Monday, October 22, 2007

Mojitos... And drinks like them.

Originally uploaded by chipandandy

Well... as most of the US starts the chilly decline into winter, we here in South Florida are still sitting under a heat index that is over 100 degrees. I only share that to make the point that those fine summer drinks, like a Mojito, don't need to be closeted away just yet.

  • 3 - 4 Mint Leaves, plus a pretty sprig
  • 1 -2 Tablespoons of Sugar, granulated is best
  • 1 medium size Lime, quartered or smaller
  • 1.5 ounce Light Rum
  • Club soda

    Muddle lime, sugar, and mint in a heavy bottomed collins glass. Add crushed ice, rum, soda, and stir lightly. Garnish with Mint sprig and a straw.

    Some recipes call for bitters, I think a dash of Angostura is a real treat in this drink.

    Why the Mojito? Well, a couple of things......

    First, I read this hilarious post over at The Art of Drink that involves. among other drinks, the Mojito. Then, Skitiki is keeping the FOM Test Kitchens busy with a Drink of the Month, and this month she has taken our humble Ti' Punch and moved it forward in time and taste to the Mojito. I figure back-to-back Mojito references is a sign to step behind the bar for a moment....

    I like Mojitos, and like many fine drinks a good Mojito is a thing of beauty and taste. Sadly, this drink is well on its way to being commercialized, if it hasn't already crossed that threshold, and that will be a shame. There is nothing more depressing than to see good drinks wind up inside of a slurpy machine (I still love you Margarita), or worse yet, seeing a whole menu devoted to all of the 'variations' (sorry Martini). But, with your help maybe we can save this one.....

    How do you make a good Mojito? Simple. Find some good looking mint, the best smelling lime you can find in your markets, and a good Light Rum. Like any other drink, quality counts so get the best you can find, or at least the best you can afford. Now, as to the rum, my friend Scottes recommends Ron Matusalem Platino. I tried the last batch with Oronoco (thanks Helz!) and I was very pleased. I don't recommend Bacardi, unless that is the only light rum you happen to have on your bar, because it is a boring rum with absolutely no character or body.
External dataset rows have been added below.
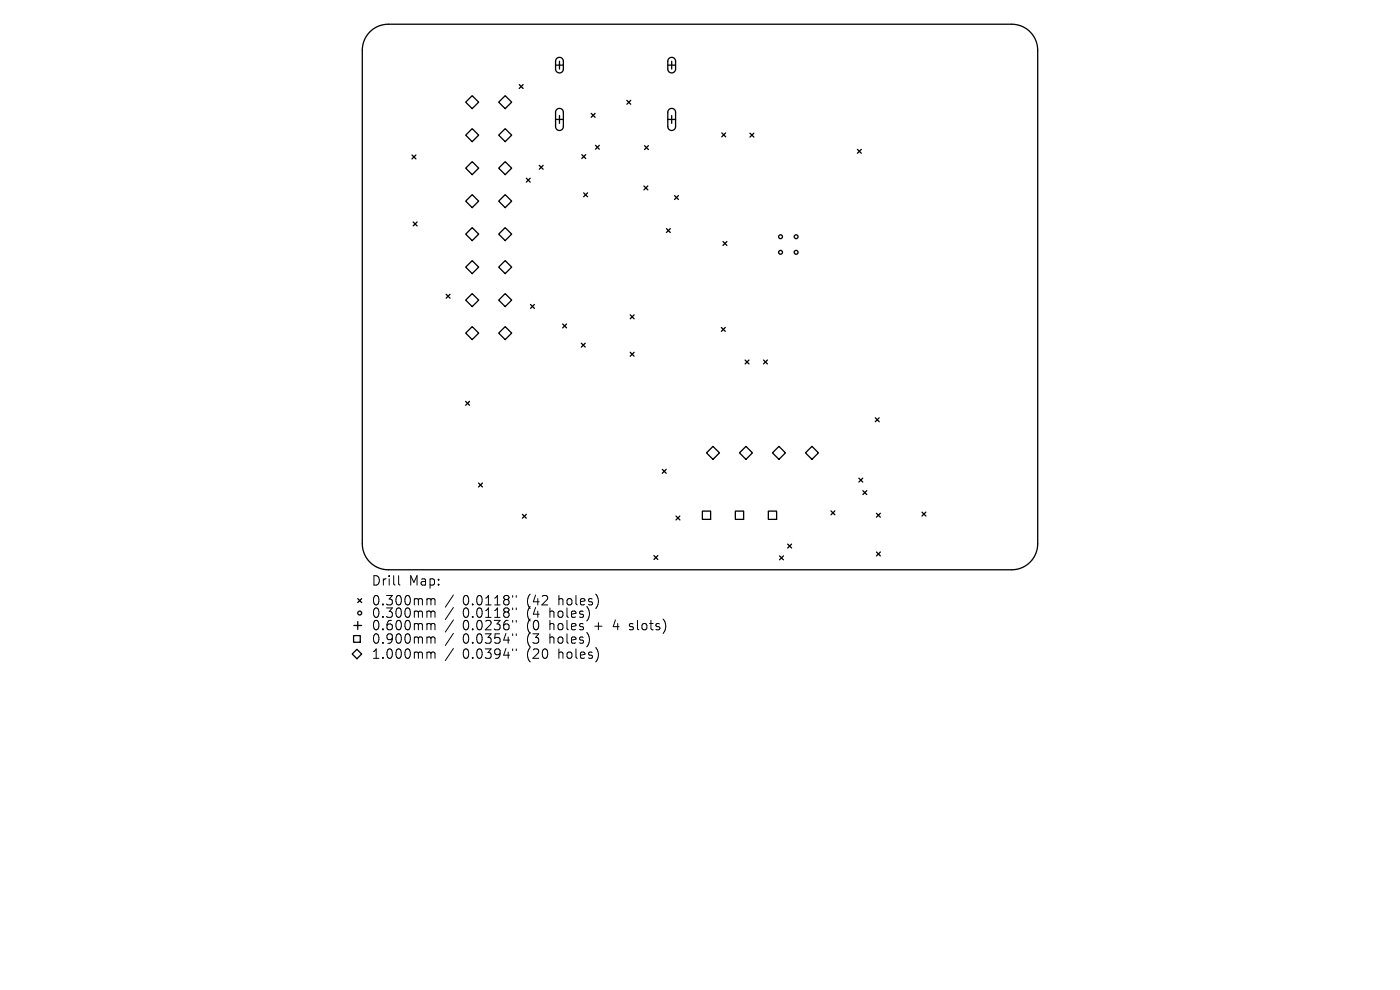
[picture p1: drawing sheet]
<svg xmlns="http://www.w3.org/2000/svg" width="297mm" height="210mm" viewBox="0 0 297 210" stroke-linecap="round" stroke-linejoin="round" font-family="sans-serif">
<defs><g id="words">
<g font-size="2.8">
<text x="78.7" y="124.5">Drill</text>
<text x="86.7" y="124.5">Map:</text>
<text x="78.7" y="128.7">0.300mm</text>
<text x="78.7" y="131.3">0.300mm</text>
<text x="98.2" y="128.7">0.0118&quot;</text>
<text x="98.2" y="131.3">0.0118&quot;</text>
<text x="111.9" y="128.7">(42</text>
<text x="111.9" y="131.3">(4</text>
<text x="116.9" y="131.3">holes)</text>
<text x="118.8" y="128.7">holes)</text>
<text x="78.7" y="134">0.600mm</text>
<text x="78.7" y="136.8">0.900mm</text>
<text x="98.2" y="134">0.0236&quot;</text>
<text x="98.2" y="136.8">0.0354&quot;</text>
<text x="111.9" y="134">(0</text>
<text x="111.9" y="136.8">(3</text>
<text x="116.9" y="134">holes</text>
<text x="116.9" y="136.8">holes)</text>
<text x="126.6" y="134">+</text>
<text x="130.8" y="134">4</text>
<text x="134.4" y="134">slots)</text>
<text x="78.7" y="140">1.000mm</text>
<text x="98.2" y="140">0.0394&quot;</text>
<text x="111.9" y="140">(20</text>
<text x="118.8" y="140">holes)</text>
</g>
</g></defs>
<g fill="none" stroke="#000" stroke-width=".28">
<path d="M78.5 6.8a5.5 5.5 0 0 1 3.9-1.7h132.2a5.5 5.5 0 0 1 5.5 5.5v104.8a5.5 5.5 0 0 1-5.5 5.5h-132.2a5.5 5.5 0 0 1-5.5-5.5v-104.8a5.5 5.5 0 0 1 1.6-3.8zM110.2 17.9l.8 .9M111 17.9l-.8 .9M117.9 13.8h1.6M118.1 12.4a.83 .83 0 0 1 .9-.2 .83 .83 0 0 1 .5 .8v1.6a.83 .83 0 0 1-.8 .9 .83 .83 0 0 1-.8-.9v-1.7zM118.7 13v1.6M141.7 13.8h1.6M141.9 12.4a.83 .83 0 0 1 .9-.2 .83 .83 0 0 1 .5 .8v1.6a.83 .83 0 0 1-.8 .9 .83 .83 0 0 1-.8-.9v-1.7zM142.5 13v1.6M87.4 32.9l.8 .8M88.2 32.9l-.8 .8M98.8 21.7l1.4-1.4 1.3 1.4-1.3 1.3z"/>
<path d="M100.2 27.3l1.3 1.4-1.3 1.3-1.4-1.3zM100.2 34.3l1.3 1.4-1.3 1.3-1.4-1.3zM105.8 21.7l1.4-1.4 1.3 1.4-1.3 1.3zM107.2 27.3l1.3 1.4-1.3 1.3-1.4-1.3zM107.2 34.3l1.3 1.4-1.3 1.3-1.4-1.3zM111.7 37.8l.8 .8M112.5 37.8l-.8 .8M114.4 35.1l.8 .8M115.2 35.1l-.8 .8M117.9 25.3h1.6M118.1 23.2a.83 .83 0 0 1 .9-.1 .83 .83 0 0 1 .5 .7v3.1a.83 .83 0 0 1-.8 .8 .83 .83 0 0 1-.8-.8v-3.2zM118.7 24.5v1.7"/>
<path d="M123.4 32.8l.9 .8M124.3 32.8l-.9 .8M125.4 24.1l.8 .8M126.2 24.1l-.8 .8M126.3 30.8l.8 .9M127.1 30.8l-.8 .9M133 21.3l.8 .8M133.8 21.3l-.8 .8M136.6 39.4l.8 .9M136.7 30.9l.9 .8M137.4 39.4l-.8 .9M137.6 30.9l-.9 .8"/>
<path d="M141.7 25.3h1.6M141.9 23.2a.83 .83 0 0 1 .9-.1 .83 .83 0 0 1 .5 .7v3.1a.83 .83 0 0 1-.8 .8 .83 .83 0 0 1-.8-.8v-3.2zM142.5 24.5v1.7M153.1 28.2l.8 .8M153.9 28.2l-.8 .8M159.1 28.3l.8 .8M159.9 28.3l-.8 .8M181.9 31.7l.8 .8M182.7 31.7l-.8 .8M87.7 47.1l.8 .8M88.5 47.1l-.8 .8M98.8 42.7l1.4-1.4 1.3 1.4-1.3 1.3z"/>
<path d="M98.8 56.7l1.4-1.4 1.3 1.4-1.3 1.3zM100.2 48.3l1.3 1.4-1.3 1.3-1.4-1.3zM105.8 42.7l1.4-1.4 1.3 1.4-1.3 1.3zM105.8 56.7l1.4-1.4 1.3 1.4-1.3 1.3zM107.2 48.3l1.3 1.4-1.3 1.3-1.4-1.3zM123.8 40.9l.8 .8M124.6 40.9l-.8 .8M141.4 48.5l.8 .8M142.2 48.5l-.8 .8M143.1 41.5l.8 .8M143.9 41.5l-.8 .8M153.4 51.2l.8 .9"/>
<path d="M154.2 51.2l-.8 .9M94.6 62.4l.9 .8M95.5 62.4l-.9 .8M98.8 70.7l1.4-1.4 1.3 1.4-1.3 1.3zM100.2 62.3l1.3 1.4-1.3 1.3-1.4-1.3zM105.8 70.7l1.4-1.4 1.3 1.4-1.3 1.3zM107.2 62.3l1.3 1.4-1.3 1.3-1.4-1.3zM112.5 64.6l.9 .8M113.4 64.6l-.9 .8M119.4 68.7l.8 .9M120.2 68.7l-.8 .9M123.3 72.8l.9 .8"/>
<path d="M124.2 72.8l-.9 .8M133.7 66.8l.8 .8M133.7 74.7l.8 .9M134.5 66.8l-.8 .8M134.5 74.7l-.8 .9M153 69.5l.9 .8M153.9 69.5l-.9 .8M158.1 76.4l.8 .8M158.9 76.4l-.8 .8M162 76.4l.8 .8M162.8 76.4l-.8 .8M98.8 85.1l.8 .9"/>
<path d="M99.6 85.1l-.8 .9M140.5 99.6l.8 .8M141.3 99.6l-.8 .8M149.9 96.1l1.4-1.4 1.3 1.4-1.3 1.3zM158.3 94.7l1.3 1.4-1.3 1.3-1.4-1.3zM163.9 96.1l1.4-1.4 1.3 1.4-1.3 1.3zM170.9 96.1l1.4-1.4 1.3 1.4-1.3 1.3zM185.7 88.6l.8 .9M186.5 88.6l-.8 .9M101.5 102.5l.8 .8M102.3 102.5l-.8 .8M110.8 109.1l.8 .8"/>
<path d="M111.6 109.1l-.8 .8M138.7 117.9l.9 .8M139.6 117.9l-.9 .8M143.4 109.5l.8 .8M144.2 109.5l-.8 .8M149 108.4h1.8v1.8h-1.8zM156 108.4h1.8v1.8h-1.8zM163 108.4h1.8v1.8h-1.8zM165.4 117.9l.8 .9M166.2 117.9l-.8 .9M167.1 115.4l.8 .8M167.9 115.4l-.8 .8"/>
<path d="M176.3 108.4l.8 .8M177.1 108.4l-.8 .8M182.2 101.4l.8 .9M183 101.4l-.8 .9M183.1 104.1l.8 .8M183.9 104.1l-.8 .8M185.9 108.9l.9 .8M185.9 117.1l.9 .8M186.8 108.9l-.9 .8M186.8 117.1l-.9 .8M195.6 108.6l.8 .9M196.4 108.6l-.8 .9"/>
<path d="M74.7 138.7l1-1 1 1-1 1zM75 134.8h1.4v1.4h-1.4zM75.1 132.7h1.6M75.9 127l.8 .8M75.9 131.9v1.6M76.7 127l-.8 .8"/>
<circle cx="165.6" cy="53.5" r=".41"/>
<circle cx="165.6" cy="50.2" r=".41"/>
<circle cx="168.9" cy="53.5" r=".41"/>
<circle cx="168.9" cy="50.2" r=".41"/>
<circle cx="76.3" cy="130" r=".41"/>
</g>
<g fill="none" stroke="#000" stroke-width=".21">
<path d="M84.6 122.1v1.7l.3 .3M90.9 127h.2l.3 .3M90.9 129.6h.2l.3 .3M90.9 132.3l.4 .1 .1 .2M90.9 135.1l.4 .1 .1 .2M90.9 138.3h.2l.3 .3M91.4 127.3l.3-.3 .5 .1 .1 1.2M91.4 127.3v1M91.4 129.9v1.1M91.4 132.6v1M91.4 135.4v1.1M91.4 138.6v1.1"/>
<path d="M91.4 129.9l.3-.3 .5 .1 .1 1.3M91.4 132.6l.3-.3 .5 .1 .1 1.2M91.4 135.4l.3-.3 .5 .1 .1 1.3M91.4 138.6l.3-.3 .5 .1 .1 1.3M96.2 126.2l-1.7 2.6M96.2 128.9l-1.7 2.5M96.2 131.5l-1.7 2.6M96.2 134.4l-1.7 2.5M96.2 137.6l-1.7 2.5M108.8 126.3v.4M108.8 129v.3M108.8 131.6v.4"/>
<path d="M108.8 134.5v.3M108.8 137.7v.3M109.5 126.3v.4M109.5 129v.3M109.5 131.6v.4M109.5 134.5v.3M109.5 137.7v.3M133.5 133.5l.2 .1M133.6 132.4v.4"/>
</g>
<use href="#words"/>
</svg>

    I can't offer any kind of secret to the mint beyond fresh, or any tips for muddling the drink, or some super-secret formulation for the club soda. I can offer you a drink that will help you hold on to what ever is left of summer in your area, even if you have to stand over a heating grate to be able to wear your shorts.

    Go, get mixing.

    Yes, I know my picture is really a Caprihnia, but I was digging in the back of the bar and got distracted... The camera battery didn't make it to round two.

  • 1 comment:

    craig said...

    I've taken to producing a paste of mint and sugar lately by spending time and elbow grease mashing the hell out of it (as learned from Alton Brown's Julep technique). I have to admit, I did this as a lazy maneuver to avoid mint in my teeth or straw rather than for any flavor reason.